» **Work task**
Your copy should match the entries below exactly, apart from the images.

» **Data records**
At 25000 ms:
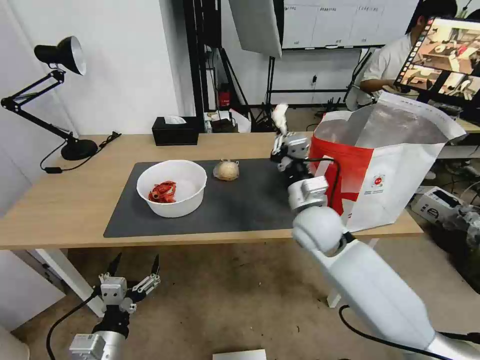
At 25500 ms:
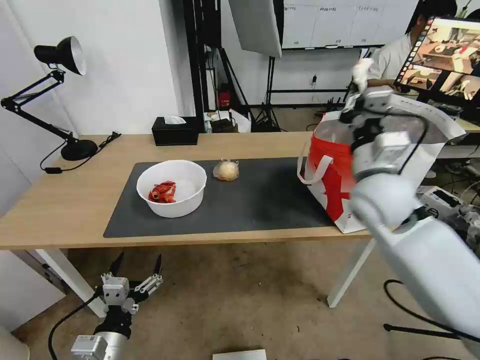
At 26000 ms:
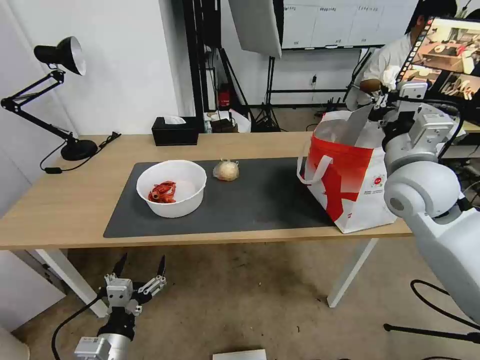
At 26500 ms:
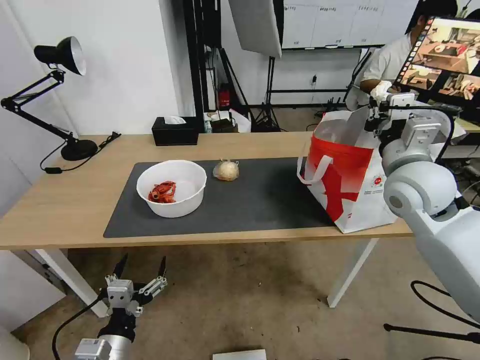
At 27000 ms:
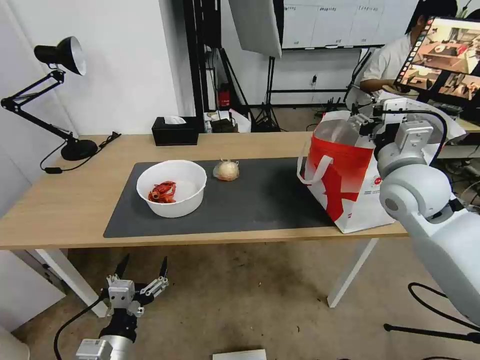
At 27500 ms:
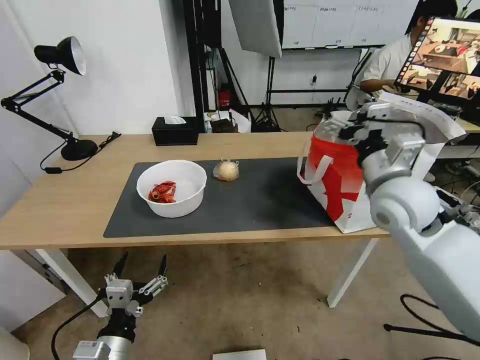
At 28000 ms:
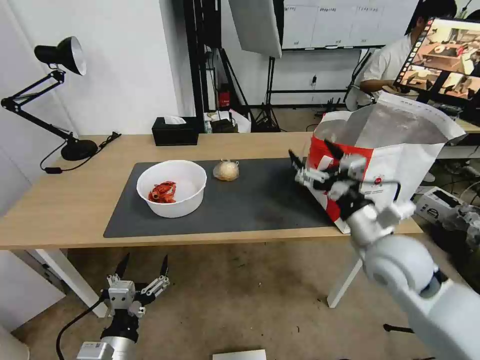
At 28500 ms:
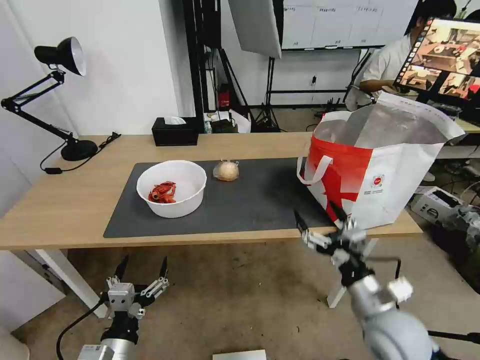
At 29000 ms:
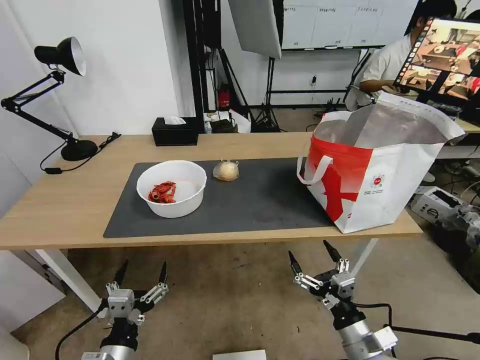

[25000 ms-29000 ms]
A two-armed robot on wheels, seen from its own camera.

» **Response**
At 25000 ms:
At 25500 ms:
At 26000 ms:
At 26500 ms:
At 27000 ms:
At 27500 ms:
At 28000 ms:
At 28500 ms:
At 29000 ms:

[25000 ms-29000 ms]
A two-armed robot on wheels, seen from its own camera.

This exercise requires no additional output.